[Records drawn from a dataset]
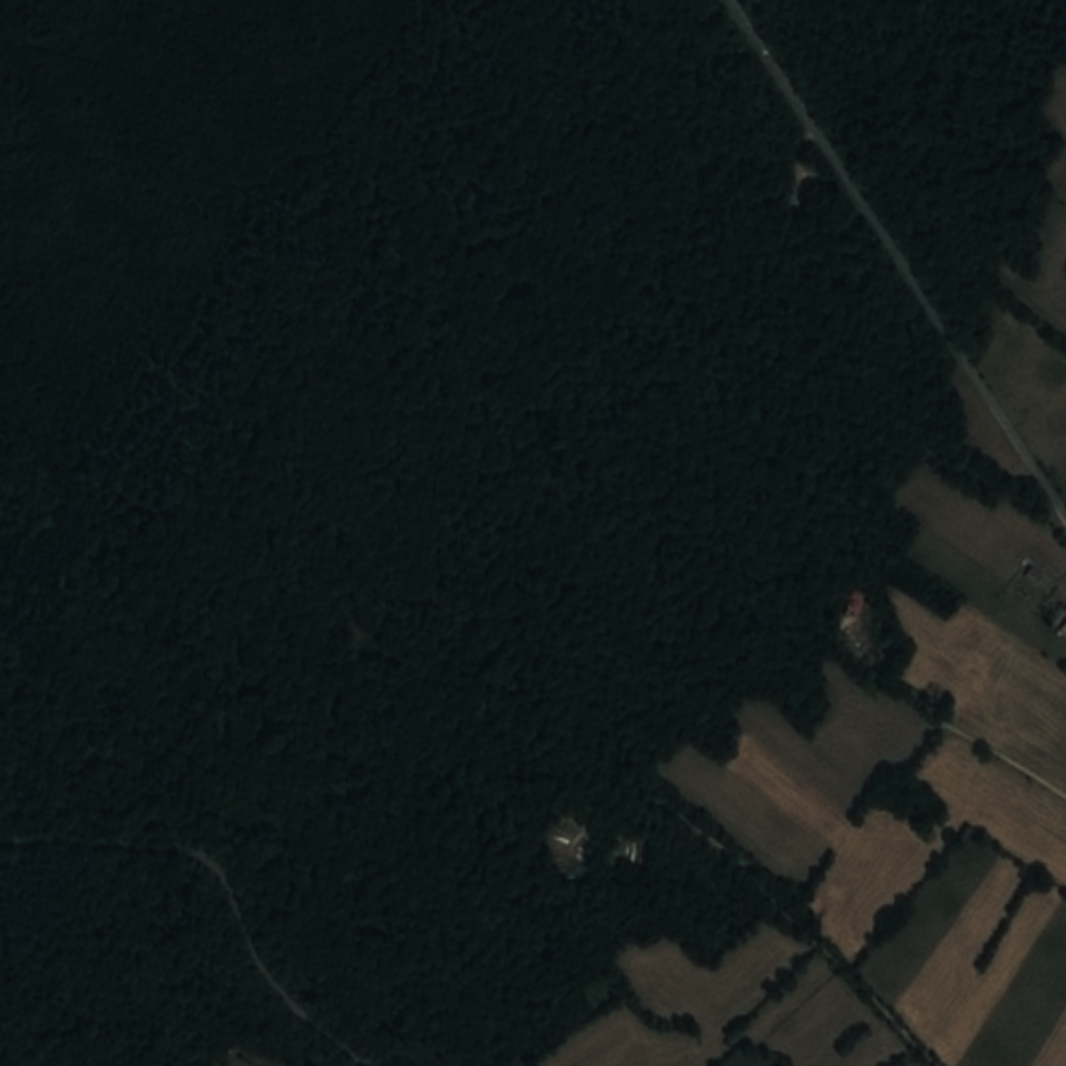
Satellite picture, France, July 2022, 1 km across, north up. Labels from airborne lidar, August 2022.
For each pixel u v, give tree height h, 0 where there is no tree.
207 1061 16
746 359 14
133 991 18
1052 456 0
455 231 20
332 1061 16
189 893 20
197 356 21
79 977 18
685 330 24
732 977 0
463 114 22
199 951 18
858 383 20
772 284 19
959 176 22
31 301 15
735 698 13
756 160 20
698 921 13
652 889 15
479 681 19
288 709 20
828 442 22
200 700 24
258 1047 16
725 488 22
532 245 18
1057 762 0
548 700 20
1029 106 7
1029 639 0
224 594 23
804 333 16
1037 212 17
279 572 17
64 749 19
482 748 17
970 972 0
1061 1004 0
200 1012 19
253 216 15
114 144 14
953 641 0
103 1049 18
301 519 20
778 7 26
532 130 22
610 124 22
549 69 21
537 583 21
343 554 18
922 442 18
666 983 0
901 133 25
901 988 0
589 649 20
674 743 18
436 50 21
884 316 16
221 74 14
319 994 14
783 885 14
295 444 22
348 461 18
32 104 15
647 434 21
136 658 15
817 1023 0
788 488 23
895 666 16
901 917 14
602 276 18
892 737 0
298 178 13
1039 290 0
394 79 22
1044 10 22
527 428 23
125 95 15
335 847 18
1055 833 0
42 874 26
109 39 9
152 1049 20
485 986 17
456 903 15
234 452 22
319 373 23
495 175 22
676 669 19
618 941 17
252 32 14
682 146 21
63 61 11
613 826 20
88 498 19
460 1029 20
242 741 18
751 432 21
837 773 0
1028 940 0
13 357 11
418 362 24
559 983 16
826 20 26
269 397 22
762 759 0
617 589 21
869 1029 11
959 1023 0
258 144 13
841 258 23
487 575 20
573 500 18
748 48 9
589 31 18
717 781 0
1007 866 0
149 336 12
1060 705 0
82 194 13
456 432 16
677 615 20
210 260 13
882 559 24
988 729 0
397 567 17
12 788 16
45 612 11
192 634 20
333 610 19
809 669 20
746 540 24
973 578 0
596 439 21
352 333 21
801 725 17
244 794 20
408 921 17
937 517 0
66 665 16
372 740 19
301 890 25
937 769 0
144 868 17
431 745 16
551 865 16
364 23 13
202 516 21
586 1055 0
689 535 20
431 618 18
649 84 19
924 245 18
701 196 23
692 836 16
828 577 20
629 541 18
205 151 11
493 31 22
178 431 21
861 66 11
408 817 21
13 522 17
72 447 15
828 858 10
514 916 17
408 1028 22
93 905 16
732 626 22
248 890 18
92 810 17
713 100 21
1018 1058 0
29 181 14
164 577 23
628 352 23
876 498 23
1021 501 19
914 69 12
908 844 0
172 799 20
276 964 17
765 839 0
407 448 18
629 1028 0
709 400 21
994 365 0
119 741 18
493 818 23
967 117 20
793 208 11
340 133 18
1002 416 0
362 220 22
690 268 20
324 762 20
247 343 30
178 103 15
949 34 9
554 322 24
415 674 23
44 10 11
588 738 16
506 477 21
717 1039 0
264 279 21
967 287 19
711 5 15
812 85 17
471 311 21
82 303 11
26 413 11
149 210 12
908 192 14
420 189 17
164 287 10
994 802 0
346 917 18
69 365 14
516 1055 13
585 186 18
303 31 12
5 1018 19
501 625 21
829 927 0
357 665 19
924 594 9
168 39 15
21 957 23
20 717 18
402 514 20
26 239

# [Try it]
Each record above is to be copied out exactly; its pictures are not.

# [Response for this exercise]
Satellite picture, France, July 2022, 1 km across, north up. Labels from airborne lidar, August 2022.
For each pixel u v, give tree height h, 0 where there is no tree.
207 1061 16
746 359 14
133 991 18
1052 456 0
455 231 20
332 1061 16
189 893 20
197 356 21
79 977 18
685 330 24
732 977 0
463 114 22
199 951 18
858 383 20
772 284 19
959 176 22
31 301 15
735 698 13
756 160 20
698 921 13
652 889 15
479 681 19
288 709 20
828 442 22
200 700 24
258 1047 16
725 488 22
532 245 18
1057 762 0
548 700 20
1029 106 7
1029 639 0
224 594 23
804 333 16
1037 212 17
279 572 17
64 749 19
482 748 17
970 972 0
1061 1004 0
200 1012 19
253 216 15
114 144 14
953 641 0
103 1049 18
301 519 20
778 7 26
532 130 22
610 124 22
549 69 21
537 583 21
343 554 18
922 442 18
666 983 0
901 133 25
901 988 0
589 649 20
674 743 18
436 50 21
884 316 16
221 74 14
319 994 14
783 885 14
295 444 22
348 461 18
32 104 15
647 434 21
136 658 15
817 1023 0
788 488 23
895 666 16
901 917 14
602 276 18
892 737 0
298 178 13
1039 290 0
394 79 22
1044 10 22
527 428 23
125 95 15
335 847 18
1055 833 0
42 874 26
109 39 9
152 1049 20
485 986 17
456 903 15
234 452 22
319 373 23
495 175 22
676 669 19
618 941 17
252 32 14
682 146 21
63 61 11
613 826 20
88 498 19
460 1029 20
242 741 18
751 432 21
837 773 0
1028 940 0
13 357 11
418 362 24
559 983 16
826 20 26
269 397 22
762 759 0
617 589 21
869 1029 11
959 1023 0
258 144 13
841 258 23
487 575 20
573 500 18
748 48 9
589 31 18
717 781 0
1007 866 0
149 336 12
1060 705 0
82 194 13
456 432 16
677 615 20
210 260 13
882 559 24
988 729 0
397 567 17
12 788 16
45 612 11
192 634 20
333 610 19
809 669 20
746 540 24
973 578 0
596 439 21
352 333 21
801 725 17
244 794 20
408 921 17
937 517 0
66 665 16
372 740 19
301 890 25
937 769 0
144 868 17
431 745 16
551 865 16
364 23 13
202 516 21
586 1055 0
689 535 20
431 618 18
649 84 19
924 245 18
701 196 23
692 836 16
828 577 20
629 541 18
205 151 11
493 31 22
178 431 21
861 66 11
408 817 21
13 522 17
72 447 15
828 858 10
514 916 17
408 1028 22
93 905 16
732 626 22
248 890 18
92 810 17
713 100 21
1018 1058 0
29 181 14
164 577 23
628 352 23
876 498 23
1021 501 19
914 69 12
908 844 0
172 799 20
276 964 17
765 839 0
407 448 18
629 1028 0
709 400 21
994 365 0
119 741 18
493 818 23
967 117 20
793 208 11
340 133 18
1002 416 0
362 220 22
690 268 20
324 762 20
247 343 30
178 103 15
949 34 9
554 322 24
415 674 23
44 10 11
588 738 16
506 477 21
717 1039 0
264 279 21
967 287 19
711 5 15
812 85 17
471 311 21
82 303 11
26 413 11
149 210 12
908 192 14
420 189 17
164 287 10
994 802 0
346 917 18
69 365 14
516 1055 13
585 186 18
303 31 12
5 1018 19
501 625 21
829 927 0
357 665 19
924 594 9
168 39 15
21 957 23
20 717 18
402 514 20
26 239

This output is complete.